§ Exercise objective:
After finding the line with "0 & ( y \neq" in the data below, set down exactly each line through the one with "8 \pi \eta h", inclusive, and stop there.
-------- Data under study
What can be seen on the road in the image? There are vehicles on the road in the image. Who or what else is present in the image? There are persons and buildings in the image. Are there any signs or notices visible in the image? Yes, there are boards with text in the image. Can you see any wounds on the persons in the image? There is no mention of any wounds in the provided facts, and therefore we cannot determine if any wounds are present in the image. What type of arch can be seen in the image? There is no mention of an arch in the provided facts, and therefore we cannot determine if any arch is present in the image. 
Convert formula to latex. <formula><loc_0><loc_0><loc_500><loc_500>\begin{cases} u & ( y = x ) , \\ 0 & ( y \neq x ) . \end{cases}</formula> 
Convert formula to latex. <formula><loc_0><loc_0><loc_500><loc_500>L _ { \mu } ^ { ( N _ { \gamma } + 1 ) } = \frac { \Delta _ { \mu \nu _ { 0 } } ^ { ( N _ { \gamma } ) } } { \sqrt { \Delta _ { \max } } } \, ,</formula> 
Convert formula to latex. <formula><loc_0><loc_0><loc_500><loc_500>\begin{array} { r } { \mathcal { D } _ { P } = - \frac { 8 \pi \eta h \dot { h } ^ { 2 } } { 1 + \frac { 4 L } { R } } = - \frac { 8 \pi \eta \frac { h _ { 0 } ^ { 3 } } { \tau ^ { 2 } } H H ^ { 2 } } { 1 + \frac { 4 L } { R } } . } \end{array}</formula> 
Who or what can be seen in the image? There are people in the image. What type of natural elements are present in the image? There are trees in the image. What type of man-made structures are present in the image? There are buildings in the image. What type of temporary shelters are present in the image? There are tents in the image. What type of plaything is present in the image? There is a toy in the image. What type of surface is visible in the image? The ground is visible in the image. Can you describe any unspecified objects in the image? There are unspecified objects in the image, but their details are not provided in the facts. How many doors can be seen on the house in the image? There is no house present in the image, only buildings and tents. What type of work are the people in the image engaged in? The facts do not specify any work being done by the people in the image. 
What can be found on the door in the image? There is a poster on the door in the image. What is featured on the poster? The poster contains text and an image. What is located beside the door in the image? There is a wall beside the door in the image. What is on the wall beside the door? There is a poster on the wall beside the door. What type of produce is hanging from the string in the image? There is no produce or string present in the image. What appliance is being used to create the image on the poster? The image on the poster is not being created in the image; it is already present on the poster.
----------------
§ Completed exercise:
Convert formula to latex. <formula><loc_0><loc_0><loc_500><loc_500>\begin{cases} u & ( y = x ) , \\ 0 & ( y \neq x ) . \end{cases}</formula> 
Convert formula to latex. <formula><loc_0><loc_0><loc_500><loc_500>L _ { \mu } ^ { ( N _ { \gamma } + 1 ) } = \frac { \Delta _ { \mu \nu _ { 0 } } ^ { ( N _ { \gamma } ) } } { \sqrt { \Delta _ { \max } } } \, ,</formula> 
Convert formula to latex. <formula><loc_0><loc_0><loc_500><loc_500>\begin{array} { r } { \mathcal { D } _ { P } = - \frac { 8 \pi \eta h \dot { h } ^ { 2 } } { 1 + \frac { 4 L } { R } } = - \frac { 8 \pi \eta \frac { h _ { 0 } ^ { 3 } } { \tau ^ { 2 } } H H ^ { 2 } } { 1 + \frac { 4 L } { R } } . } \end{array}</formula> 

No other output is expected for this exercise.